The EU was at first minded to compromise with Switzerland over free movement. But that changed after last year’s election in Britain returned a government with a mandate to renegotiate its EU membership. Fearful that concessions to the Swiss would be seized on by the British, the EU toughened its stance; the Brexit vote in June made things worse. Now the Swiss look set to back down. This week the lower house of parliament approved a law that encourages employers to recruit in Switzerland before looking abroad; hardly the strict curbs demanded by the right-wing Swiss People’s Party (SVP) that proposed the referendum.

Infuriated, the SVP could seek a second referendum to overturn the law, or to tear up the bilateral deals entirely. The Ticinese won’t wait: on September 25th they are set to approve a local initiative, backed by Mr Gobbi, to privilege Swiss workers over foreigners. The proposal is a legal nonsense; such matters are national rather than cantonal responsibilities. Much more of this sort of thing, says Mr Puffi, and he will move Precicast to Italy.

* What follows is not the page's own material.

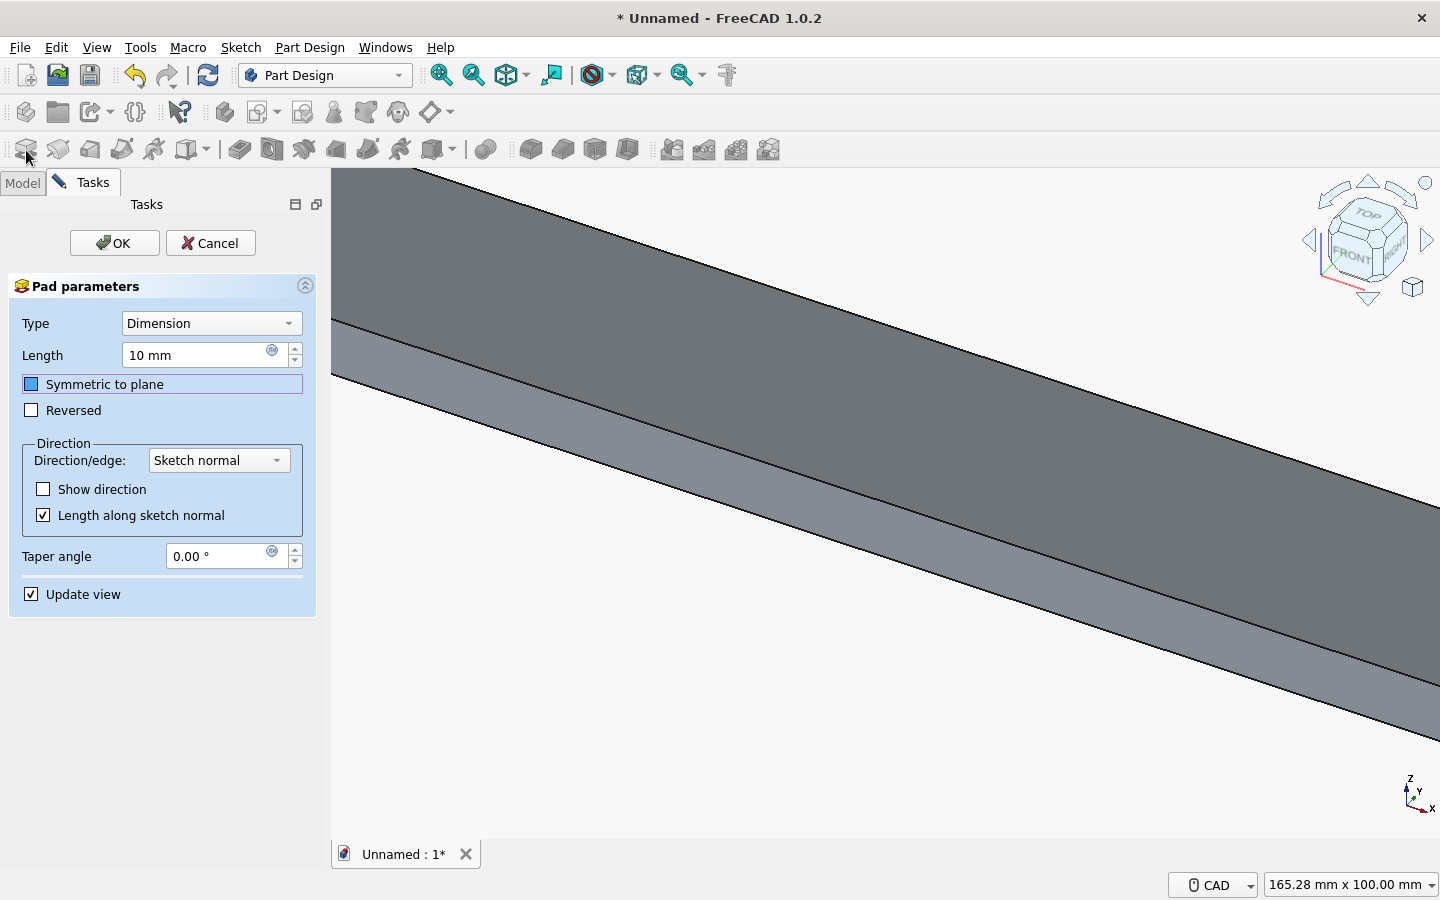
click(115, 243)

Given the choice, Swiss voters tell pollsters they would not ditch the accords with the EU to cut immigration. But hardliners think the backlash against migration across the EU means that one day Brussels will have to take a less rigid stance; and that it is in the EU’s interest to keep Switzerland happy. The parallels with the British debate are irresistible: Brexiteers, too, argue that the EU will have to bow before the will of referendum voters. Yet Britain’s vow to cut immigration from the EU will mean losing some access to the single market, possibly including the “passporting” rights that allow financial firms to operate freely across the EU. Confronted with the potential collapse of Britain’s most important trading relationship, the promise to keep out Polish workers will look less compelling, or so some pro-EU voices suggest.

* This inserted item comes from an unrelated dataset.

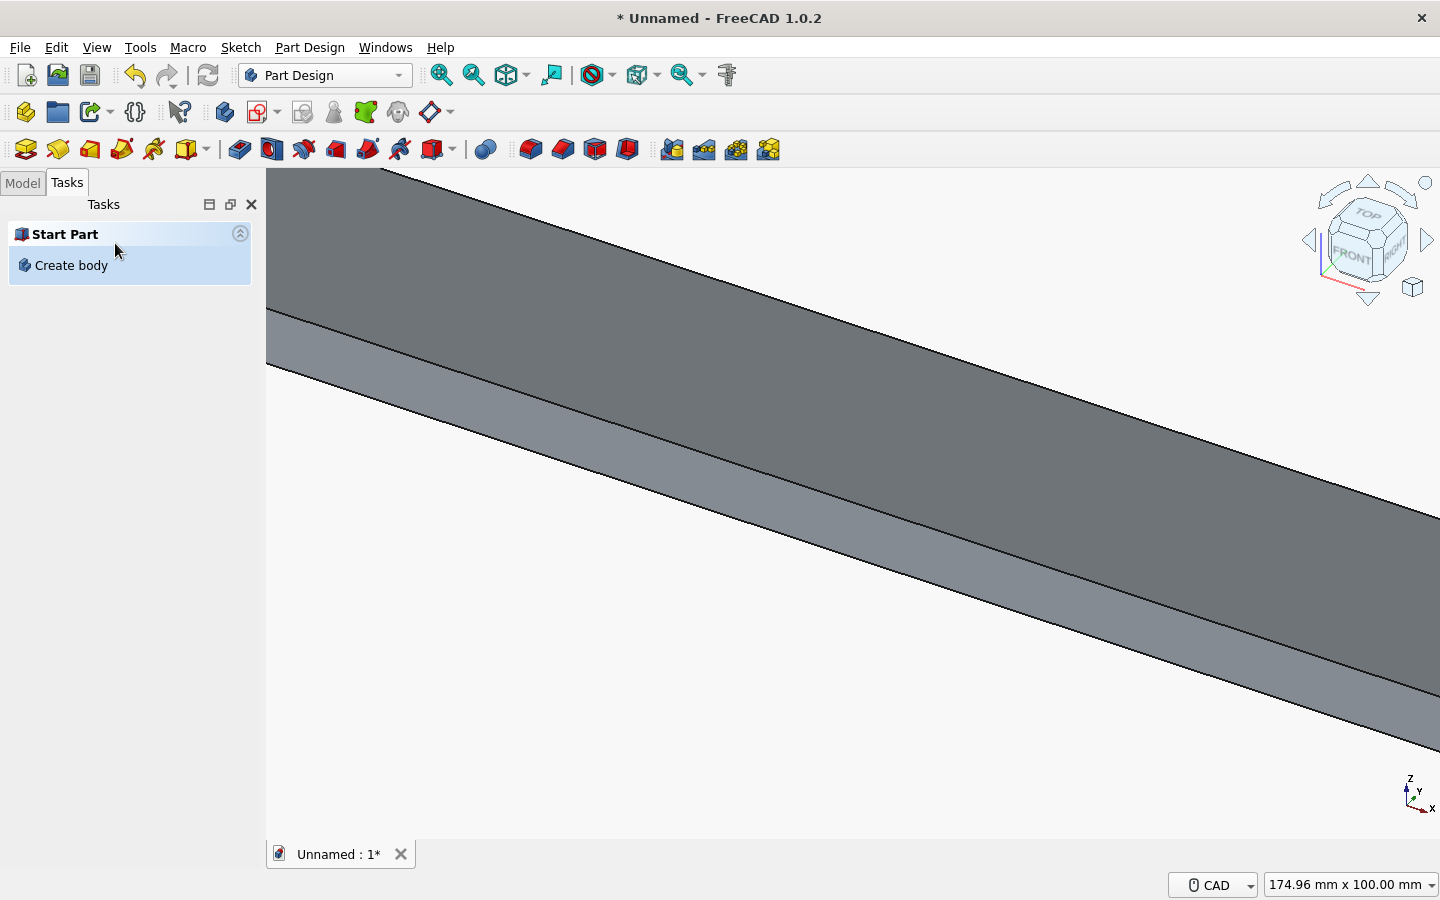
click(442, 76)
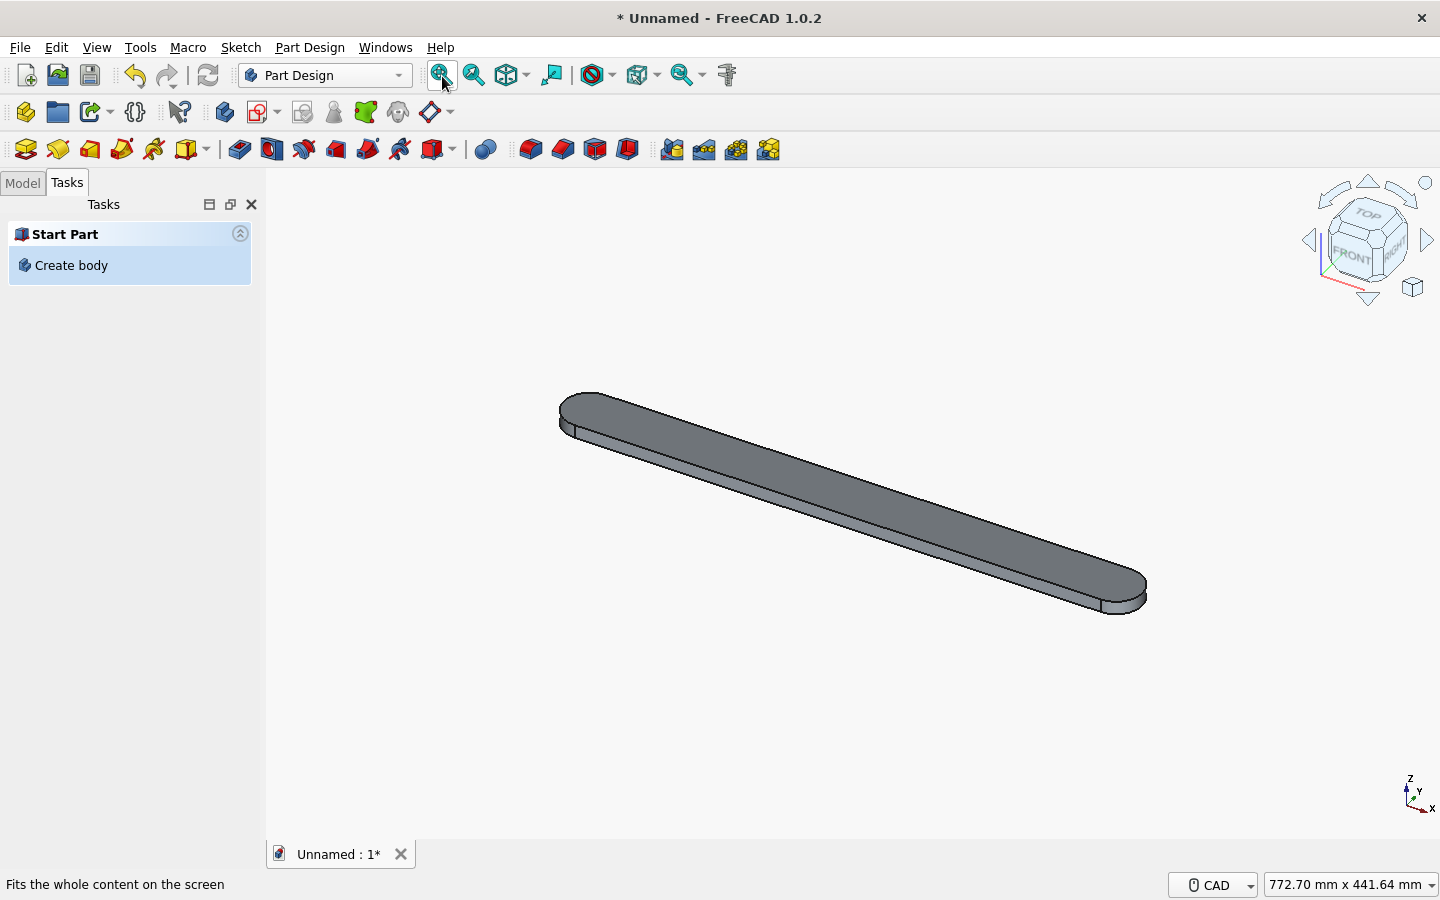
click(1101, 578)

The meaning of sovereignty
There is another lesson from the Alps. The Swiss are hanging tough for now on a further EU demand: that the “static” bilateral agreements become “dynamic”, meaning that Switzerland automatically accepts new developments in EU law, be they new rules from Brussels or rulings by the European Court of Justice. Foreign judges are as distrusted in Switzerland as they are in Britain, and the Swiss can in theory pick and choose which rules to apply (in practice many are simply copy-pasted from Brussels). Refusing the EU’s demands means Switzerland will be cut out of future single-market developments, such as energy integration.

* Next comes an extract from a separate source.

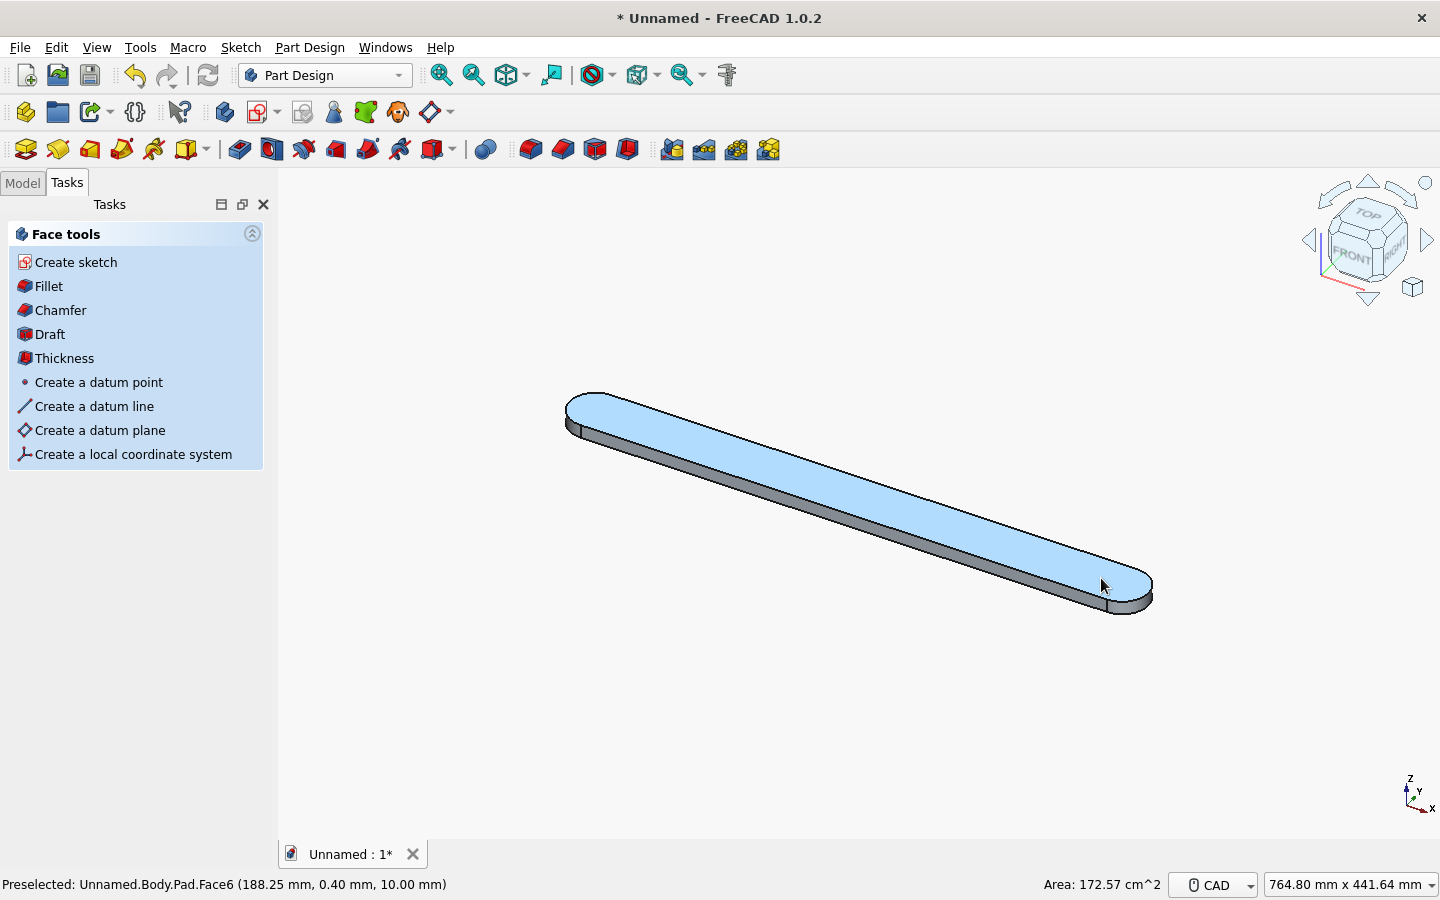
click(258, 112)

Britain will face a similar dilemma. Whatever access it maintains to the single market, the rules will inevitably change; if Britain does not apply them automatically it will be progressively excluded from it. Britain may be far larger than Switzerland, a small country surrounded by the EU; and its security and police ties with the rest of Europe give it extra clout in striking a deal. But like Switzerland, Britain will face tough questions about what it means to preserve sovereignty when its biggest trading partner is making rules over which it will have no say.

Immigration could be the least of its worries.